== Segment start ==
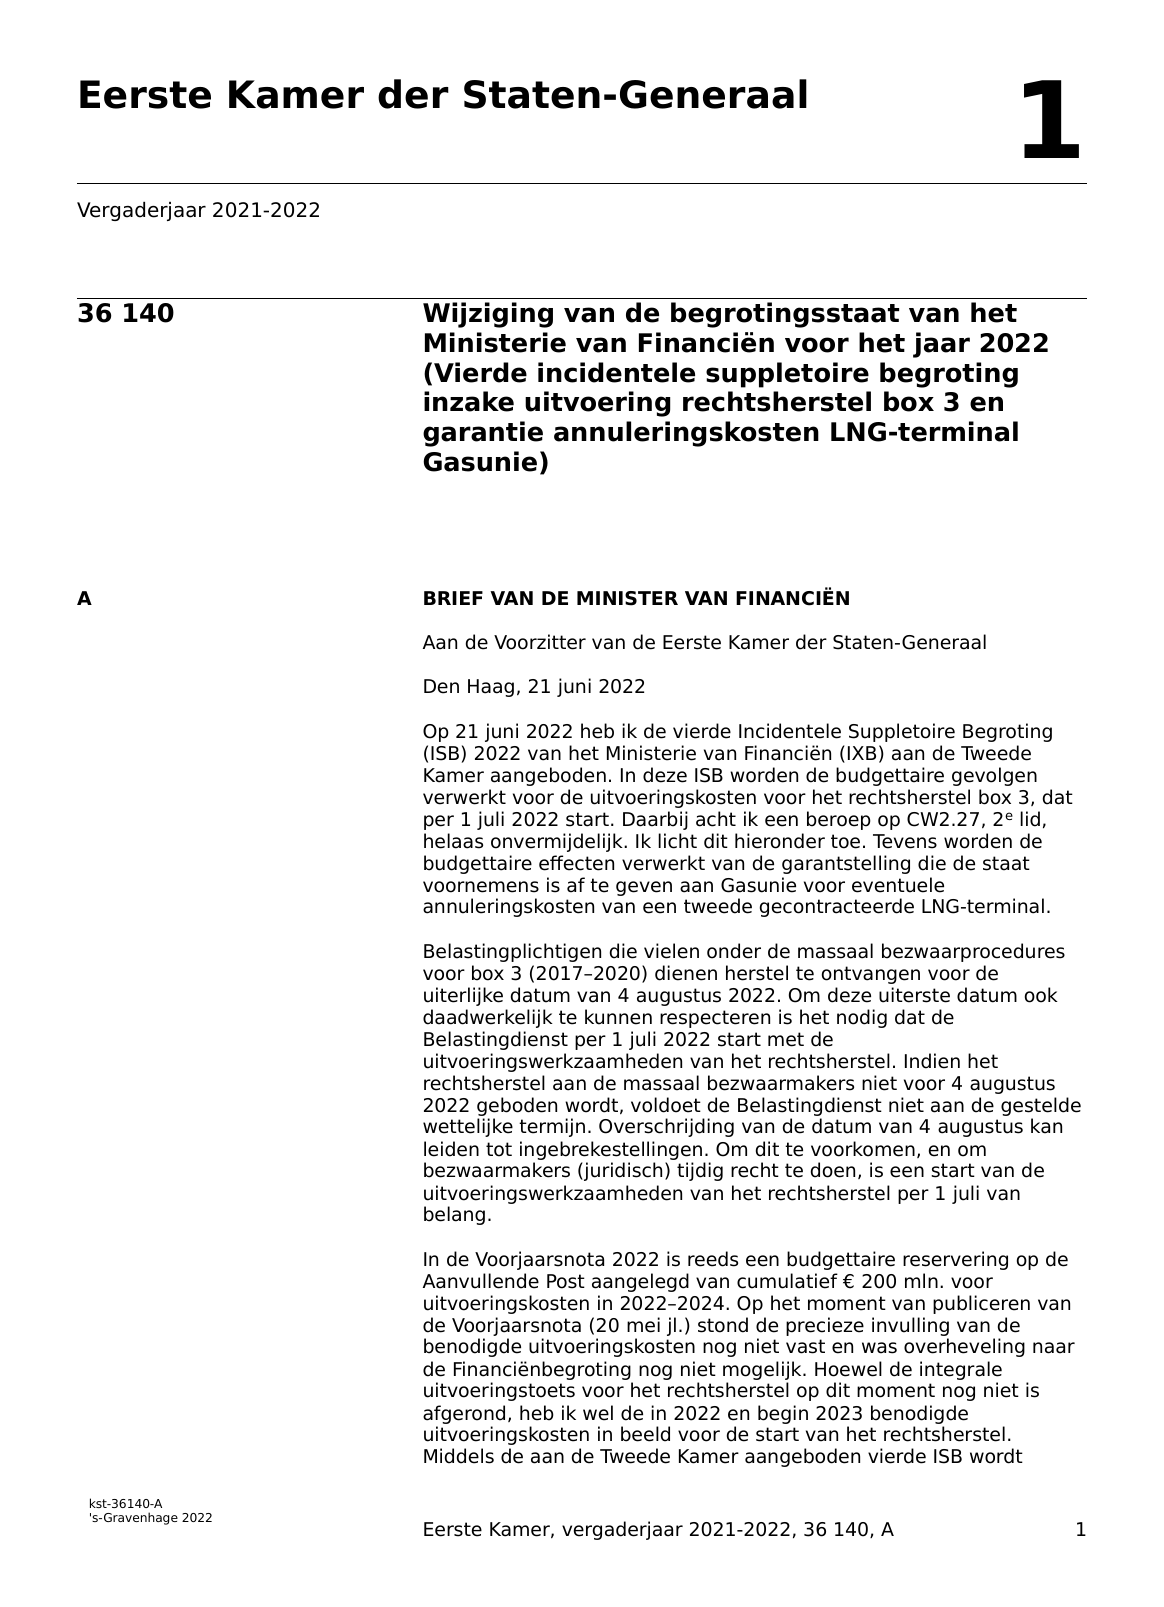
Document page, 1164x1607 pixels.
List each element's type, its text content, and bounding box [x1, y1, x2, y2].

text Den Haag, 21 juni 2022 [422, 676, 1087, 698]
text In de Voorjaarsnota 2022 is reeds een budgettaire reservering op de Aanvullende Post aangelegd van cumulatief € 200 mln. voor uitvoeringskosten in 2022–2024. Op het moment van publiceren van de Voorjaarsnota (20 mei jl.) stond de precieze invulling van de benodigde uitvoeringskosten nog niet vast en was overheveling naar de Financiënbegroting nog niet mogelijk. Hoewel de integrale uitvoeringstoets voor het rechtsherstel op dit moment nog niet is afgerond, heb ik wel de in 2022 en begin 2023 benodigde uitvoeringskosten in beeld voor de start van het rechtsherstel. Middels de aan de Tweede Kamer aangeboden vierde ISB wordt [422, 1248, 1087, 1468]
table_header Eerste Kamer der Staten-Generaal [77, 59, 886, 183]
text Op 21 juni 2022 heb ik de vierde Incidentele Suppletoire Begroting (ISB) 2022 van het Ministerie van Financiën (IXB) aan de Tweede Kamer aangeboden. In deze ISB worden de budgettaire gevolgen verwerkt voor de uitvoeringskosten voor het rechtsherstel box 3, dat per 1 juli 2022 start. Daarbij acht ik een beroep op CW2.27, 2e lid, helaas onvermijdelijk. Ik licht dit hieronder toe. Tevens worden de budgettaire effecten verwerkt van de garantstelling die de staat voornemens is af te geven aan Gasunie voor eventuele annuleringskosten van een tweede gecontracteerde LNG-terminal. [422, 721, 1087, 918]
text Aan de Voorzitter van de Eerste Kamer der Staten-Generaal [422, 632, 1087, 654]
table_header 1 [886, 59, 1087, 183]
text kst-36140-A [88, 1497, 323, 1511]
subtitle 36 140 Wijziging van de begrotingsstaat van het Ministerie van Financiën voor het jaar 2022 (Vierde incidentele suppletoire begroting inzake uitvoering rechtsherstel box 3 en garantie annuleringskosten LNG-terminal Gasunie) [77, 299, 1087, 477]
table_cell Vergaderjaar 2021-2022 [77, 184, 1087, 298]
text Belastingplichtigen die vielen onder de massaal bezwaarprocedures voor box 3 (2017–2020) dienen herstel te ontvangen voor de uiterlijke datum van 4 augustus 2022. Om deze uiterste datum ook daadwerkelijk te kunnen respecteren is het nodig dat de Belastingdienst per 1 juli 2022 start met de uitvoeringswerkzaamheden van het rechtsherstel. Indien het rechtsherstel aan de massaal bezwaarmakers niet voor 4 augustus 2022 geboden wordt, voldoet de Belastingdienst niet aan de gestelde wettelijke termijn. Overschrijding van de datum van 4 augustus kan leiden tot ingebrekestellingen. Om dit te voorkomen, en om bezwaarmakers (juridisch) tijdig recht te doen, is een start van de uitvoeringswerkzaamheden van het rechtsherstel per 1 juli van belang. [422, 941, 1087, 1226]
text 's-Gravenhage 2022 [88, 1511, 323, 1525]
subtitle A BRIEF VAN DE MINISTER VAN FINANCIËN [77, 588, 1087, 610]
== Segment end ==
Look above for the line containing "List each element's" and the line containing "text Den Haag, 21". Transcribe both, with the lines between them, exactly.

--- COMPLETED EXERCISE ---
List each element's type, its text content, and bounding box [x1, y1, x2, y2].

text Den Haag, 21 juni 2022 [422, 676, 1087, 698]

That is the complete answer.